Chronic intestinal atrial dysrhythmia syndrome

Chronic intestinal atrial dysrhythmia syndrome (CAID) is a rare disease discovered only in 2014 and also called "Viking syndrome". It is caused by a rare genetic mutation and affects both the heart and the intestine. The contractions of the two organs are in fact linked to a single gene, which would be the one affected by the disease.

A team of Canadian researchers has developed a diagnostic test for the disease, based primarily on clinical analyzes. In fact, those who suffer suffer heart and intestinal problems, both of a rather serious entity. Heart problems include slow heartbeat, which forces 50% of patients to implant a pacemaker. Instead, digestive problems manifest themselves with chronic intestinal obstructions, which can only be dealt with by intravenous feeding.

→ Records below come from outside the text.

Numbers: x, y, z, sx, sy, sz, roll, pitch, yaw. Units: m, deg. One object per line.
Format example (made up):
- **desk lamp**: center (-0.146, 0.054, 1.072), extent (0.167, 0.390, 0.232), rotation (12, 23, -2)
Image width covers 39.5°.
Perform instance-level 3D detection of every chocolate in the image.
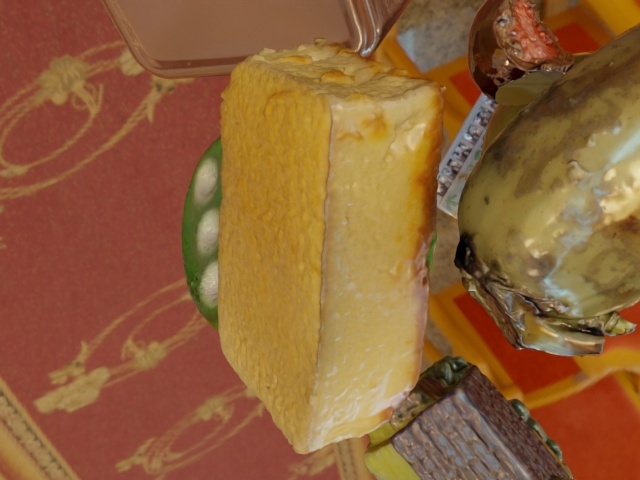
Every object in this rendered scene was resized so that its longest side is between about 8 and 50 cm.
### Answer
- **chocolate**: center (0.245, -0.247, 1.115), extent (0.127, 0.133, 0.124), rotation (-11, 158, 21)

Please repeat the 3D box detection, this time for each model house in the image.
- **model house**: center (0.167, 0.204, 0.862), extent (0.170, 0.194, 0.211), rotation (-35, 173, -21)

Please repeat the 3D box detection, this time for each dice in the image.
- **dice**: center (-0.020, -0.014, 1.343), extent (0.300, 0.297, 0.287), rotation (10, 155, -33)

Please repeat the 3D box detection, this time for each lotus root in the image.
- **lotus root**: center (0.220, -0.059, 0.572), extent (0.309, 0.173, 0.173), rotation (-36, 144, 4)

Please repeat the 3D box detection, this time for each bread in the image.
- **bread**: center (0.000, 0.000, 0.674), extent (0.114, 0.185, 0.275), rotation (-7, 115, -27)

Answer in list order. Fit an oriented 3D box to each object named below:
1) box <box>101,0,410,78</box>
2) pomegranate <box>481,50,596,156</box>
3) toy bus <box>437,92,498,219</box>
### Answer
- **box**: center (-0.066, -0.334, 0.968), extent (0.229, 0.339, 0.239), rotation (-62, 141, -39)
- **pomegranate**: center (0.425, -0.119, 1.355), extent (0.309, 0.358, 0.216), rotation (-37, 179, -3)
- **toy bus**: center (0.341, -0.194, 1.800), extent (0.330, 0.136, 0.109), rotation (-60, 171, 8)
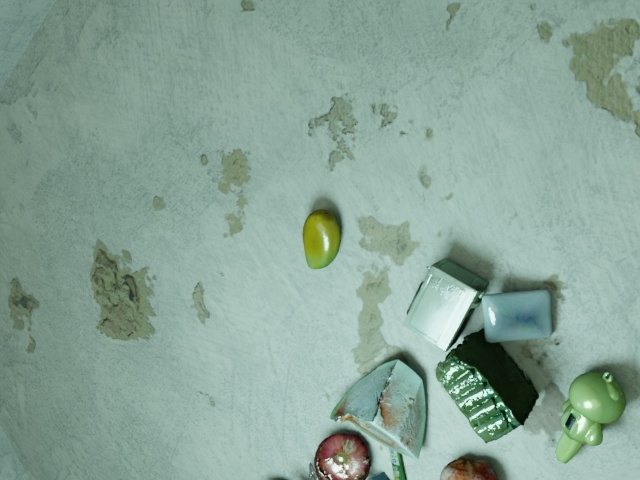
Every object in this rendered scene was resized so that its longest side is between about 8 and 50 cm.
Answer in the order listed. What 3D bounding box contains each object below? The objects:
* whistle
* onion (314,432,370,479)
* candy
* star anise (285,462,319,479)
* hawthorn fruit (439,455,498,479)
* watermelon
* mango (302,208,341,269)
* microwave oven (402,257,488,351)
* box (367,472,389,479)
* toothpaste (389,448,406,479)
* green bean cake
[{"bbox_3d":[0.693,0.452,1.544,0.141,0.141,0.294,19,127,26],"label":"whistle"},{"bbox_3d":[0.072,0.706,1.930,0.183,0.147,0.184,0,77,2],"label":"onion"},{"bbox_3d":[0.519,0.200,1.589,0.174,0.071,0.138,-6,104,10],"label":"candy"},{"bbox_3d":[-0.008,0.880,1.991,0.212,0.129,0.283,-2,87,0],"label":"star anise"},{"bbox_3d":[0.421,0.706,1.706,0.172,0.173,0.173,6,102,29],"label":"hawthorn fruit"},{"bbox_3d":[0.188,0.539,1.778,0.319,0.213,0.290,-32,84,18],"label":"watermelon"},{"bbox_3d":[0.000,0.000,1.857,0.130,0.092,0.195,26,115,22],"label":"mango"},{"bbox_3d":[0.348,0.175,1.669,0.163,0.129,0.205,33,113,23],"label":"microwave oven"},{"bbox_3d":[0.176,0.778,1.899,0.074,0.099,0.054,-45,62,29],"label":"box"},{"bbox_3d":[0.241,0.707,1.885,0.049,0.031,0.204,-8,97,31],"label":"toothpaste"},{"bbox_3d":[0.437,0.377,1.590,0.255,0.241,0.132,51,123,12],"label":"green bean cake"}]
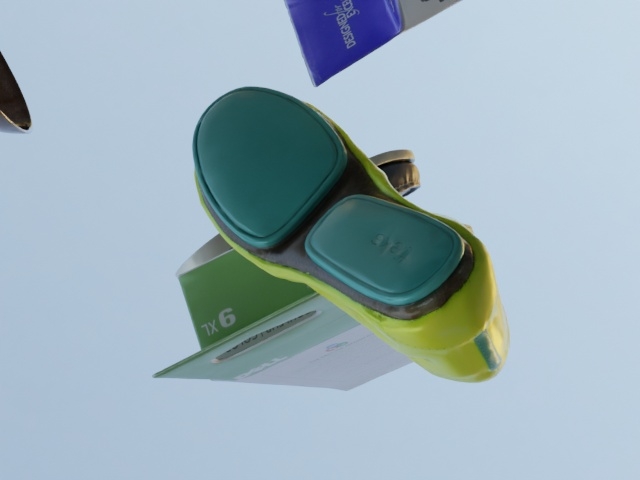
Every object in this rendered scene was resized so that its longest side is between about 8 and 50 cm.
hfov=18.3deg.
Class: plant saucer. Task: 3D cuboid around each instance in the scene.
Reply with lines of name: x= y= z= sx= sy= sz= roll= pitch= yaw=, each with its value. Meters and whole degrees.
plant saucer: x=-0.295 y=-0.160 z=1.556 sx=0.198 sy=0.036 sz=0.198 roll=58 pitch=-175 yaw=-8

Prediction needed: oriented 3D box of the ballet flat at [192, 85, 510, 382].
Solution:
ballet flat: x=0.013 y=0.002 z=0.909 sx=0.077 sy=0.077 sz=0.231 roll=51 pitch=173 yaw=-37

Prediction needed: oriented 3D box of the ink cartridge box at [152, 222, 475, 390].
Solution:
ink cartridge box: x=0.001 y=0.028 z=1.027 sx=0.209 sy=0.109 sz=0.062 roll=11 pitch=-123 yaw=-61

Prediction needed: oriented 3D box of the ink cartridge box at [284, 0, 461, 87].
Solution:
ink cartridge box: x=0.059 y=-0.190 z=0.956 sx=0.045 sy=0.208 sz=0.206 roll=53 pitch=-169 yaw=-37

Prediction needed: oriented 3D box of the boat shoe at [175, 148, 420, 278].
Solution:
boat shoe: x=0.000 y=0.000 z=1.518 sx=0.254 sy=0.095 sz=0.079 roll=-28 pitch=-100 yaw=-48
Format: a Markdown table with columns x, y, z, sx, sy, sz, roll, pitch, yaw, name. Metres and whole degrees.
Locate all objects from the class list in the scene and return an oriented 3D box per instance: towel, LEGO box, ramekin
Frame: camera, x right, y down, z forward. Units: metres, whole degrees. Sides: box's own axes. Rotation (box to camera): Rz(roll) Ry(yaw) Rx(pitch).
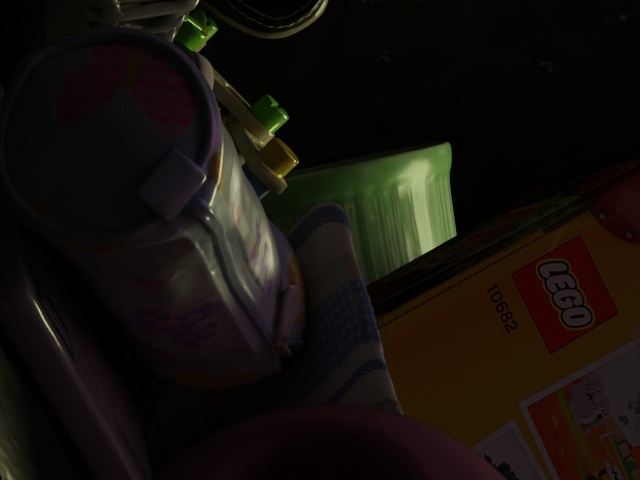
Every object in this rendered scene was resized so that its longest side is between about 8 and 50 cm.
| x | y | z | sx | sy | sz | roll | pitch | yaw | name |
| --- | --- | --- | --- | --- | --- | --- | --- | --- | --- |
| -0.023 | 0.133 | 1.119 | 0.034 | 0.209 | 0.285 | 24 | 32 | -31 | towel |
| 0.176 | 0.247 | 1.483 | 0.500 | 0.372 | 0.193 | 64 | -22 | -3 | LEGO box |
| 0.000 | 0.000 | 1.997 | 0.303 | 0.303 | 0.148 | -95 | 173 | -87 | ramekin |

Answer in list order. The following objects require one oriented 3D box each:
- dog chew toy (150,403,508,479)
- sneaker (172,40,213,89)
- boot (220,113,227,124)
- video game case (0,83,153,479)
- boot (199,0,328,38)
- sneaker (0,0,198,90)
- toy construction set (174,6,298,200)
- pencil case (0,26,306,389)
| x | y | z | sx | sy | sz | roll | pitch | yaw | name |
| --- | --- | --- | --- | --- | --- | --- | --- | --- | --- |
| 0.014 | 0.228 | 0.865 | 0.207 | 0.206 | 0.332 | -109 | -174 | -47 | dog chew toy |
| -0.154 | -0.069 | 1.457 | 0.121 | 0.079 | 0.217 | 29 | 53 | -36 | sneaker |
| -0.125 | -0.121 | 1.980 | 0.152 | 0.073 | 0.197 | 36 | 17 | -2 | boot |
| -0.142 | 0.031 | 1.040 | 0.212 | 0.023 | 0.193 | 68 | 2 | -46 | video game case |
| -0.112 | -0.340 | 1.614 | 0.377 | 0.138 | 0.284 | 58 | -4 | -5 | boot |
| -0.111 | -0.113 | 1.079 | 0.290 | 0.106 | 0.123 | -11 | -91 | 65 | sneaker |
| -0.120 | -0.122 | 1.691 | 0.215 | 0.151 | 0.327 | 45 | -5 | -6 | toy construction set |
| -0.082 | -0.006 | 1.020 | 0.124 | 0.113 | 0.273 | 53 | -5 | 23 | pencil case |
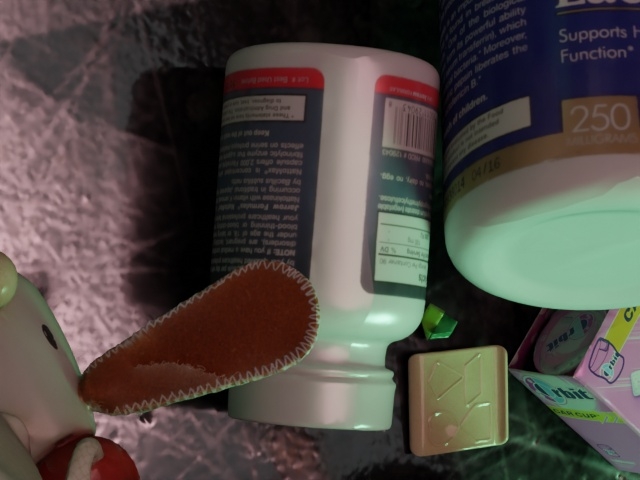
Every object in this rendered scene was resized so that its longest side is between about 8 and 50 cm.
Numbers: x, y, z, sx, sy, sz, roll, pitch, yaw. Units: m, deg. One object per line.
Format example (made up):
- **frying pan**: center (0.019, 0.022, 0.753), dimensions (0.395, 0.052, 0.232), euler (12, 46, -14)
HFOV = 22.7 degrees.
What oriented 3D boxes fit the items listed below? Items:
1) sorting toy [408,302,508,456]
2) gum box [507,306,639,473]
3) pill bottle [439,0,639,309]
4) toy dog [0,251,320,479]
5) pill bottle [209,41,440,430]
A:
- **sorting toy**: center (0.075, 0.075, 0.888), dimensions (0.062, 0.012, 0.083), euler (-3, 94, -27)
- **gum box**: center (0.205, 0.031, 0.939), dimensions (0.107, 0.062, 0.188), euler (42, 69, -25)
- **pill bottle**: center (0.136, -0.110, 0.818), dimensions (0.153, 0.153, 0.264), euler (15, 62, -31)
- **toy dog**: center (-0.050, 0.102, 0.615), dimensions (0.334, 0.161, 0.220), euler (25, 42, 10)
- **pill bottle**: center (0.000, 0.000, 0.787), dimensions (0.108, 0.108, 0.180), euler (7, 85, -32)
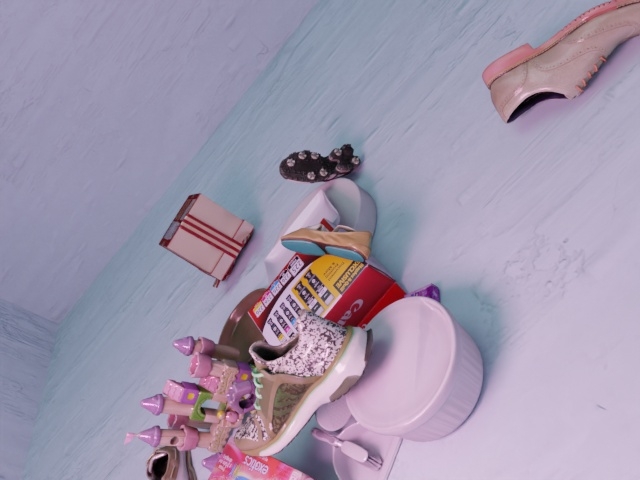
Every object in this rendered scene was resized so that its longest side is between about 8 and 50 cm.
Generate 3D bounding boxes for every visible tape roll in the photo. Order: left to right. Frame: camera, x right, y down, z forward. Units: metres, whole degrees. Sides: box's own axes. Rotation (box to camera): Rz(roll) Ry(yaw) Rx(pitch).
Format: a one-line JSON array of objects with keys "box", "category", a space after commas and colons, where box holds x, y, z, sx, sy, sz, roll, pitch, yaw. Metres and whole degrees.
[{"box": [0.000, 0.000, 1.712, 0.392, 0.072, 0.392, -36, 35, 31], "category": "tape roll"}]

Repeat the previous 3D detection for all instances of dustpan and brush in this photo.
[{"box": [0.056, 0.423, 1.216, 0.211, 0.060, 0.147, 1, 62, 57], "category": "dustpan and brush"}]

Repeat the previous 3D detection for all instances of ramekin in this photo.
[{"box": [0.183, 0.251, 1.130, 0.272, 0.127, 0.273, -38, 34, 31], "category": "ramekin"}]

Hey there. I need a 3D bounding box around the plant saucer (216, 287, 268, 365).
[{"box": [-0.215, 0.274, 1.792, 0.277, 0.041, 0.278, -38, 34, 31], "category": "plant saucer"}]

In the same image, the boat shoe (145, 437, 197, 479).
[{"box": [-0.436, 0.633, 1.698, 0.113, 0.103, 0.302, -58, 29, -4], "category": "boat shoe"}]

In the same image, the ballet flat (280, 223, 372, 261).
[{"box": [0.017, -0.001, 1.352, 0.232, 0.080, 0.073, 9, 65, 31], "category": "ballet flat"}]

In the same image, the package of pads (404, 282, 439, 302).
[{"box": [0.218, 0.131, 1.295, 0.083, 0.032, 0.050, -30, 41, 39], "category": "package of pads"}]

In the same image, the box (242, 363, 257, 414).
[{"box": [-0.171, 0.400, 1.598, 0.179, 0.043, 0.105, 10, 70, 61], "category": "box"}]

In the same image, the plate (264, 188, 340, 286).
[{"box": [-0.047, 0.007, 1.622, 0.278, 0.045, 0.277, -52, 18, 9], "category": "plate"}]

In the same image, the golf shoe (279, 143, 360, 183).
[{"box": [-0.009, -0.207, 1.787, 0.120, 0.272, 0.105, -45, 63, 54], "category": "golf shoe"}]

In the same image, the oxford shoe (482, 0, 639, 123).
[{"box": [0.547, -0.375, 1.253, 0.396, 0.140, 0.147, -24, 73, 37], "category": "oxford shoe"}]

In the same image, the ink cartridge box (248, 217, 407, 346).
[{"box": [0.016, 0.153, 1.413, 0.309, 0.130, 0.272, -52, 46, 9], "category": "ink cartridge box"}]

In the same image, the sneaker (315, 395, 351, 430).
[{"box": [0.074, 0.268, 1.304, 0.296, 0.104, 0.147, -50, 11, -12], "category": "sneaker"}]

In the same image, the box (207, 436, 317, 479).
[{"box": [-0.100, 0.535, 1.238, 0.299, 0.154, 0.142, -3, 53, 54], "category": "box"}]

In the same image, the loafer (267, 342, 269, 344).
[{"box": [-0.108, 0.301, 1.565, 0.076, 0.078, 0.223, -47, 30, 15], "category": "loafer"}]

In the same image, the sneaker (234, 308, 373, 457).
[{"box": [-0.077, 0.270, 1.188, 0.410, 0.182, 0.158, -49, 8, 27], "category": "sneaker"}]

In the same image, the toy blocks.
[{"box": [-0.329, 0.421, 1.528, 0.309, 0.259, 0.289, 34, 104, 58], "category": "toy blocks"}]

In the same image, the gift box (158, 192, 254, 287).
[{"box": [-0.394, 0.003, 2.101, 0.255, 0.258, 0.276, -59, 22, -5], "category": "gift box"}]

For the time being, no less invasive treatments are available. The disease is indeed rather young. Scientists discovered it by analyzing the DNA of some Canadian patients of French and Scandinavian origins. All patients showed both cardiac and gastrointestinal symptoms, related to a mutation of the SGOL1 gene. Studies in guinea pigs with similar symptoms have confirmed the role of the gene in the development of the disease.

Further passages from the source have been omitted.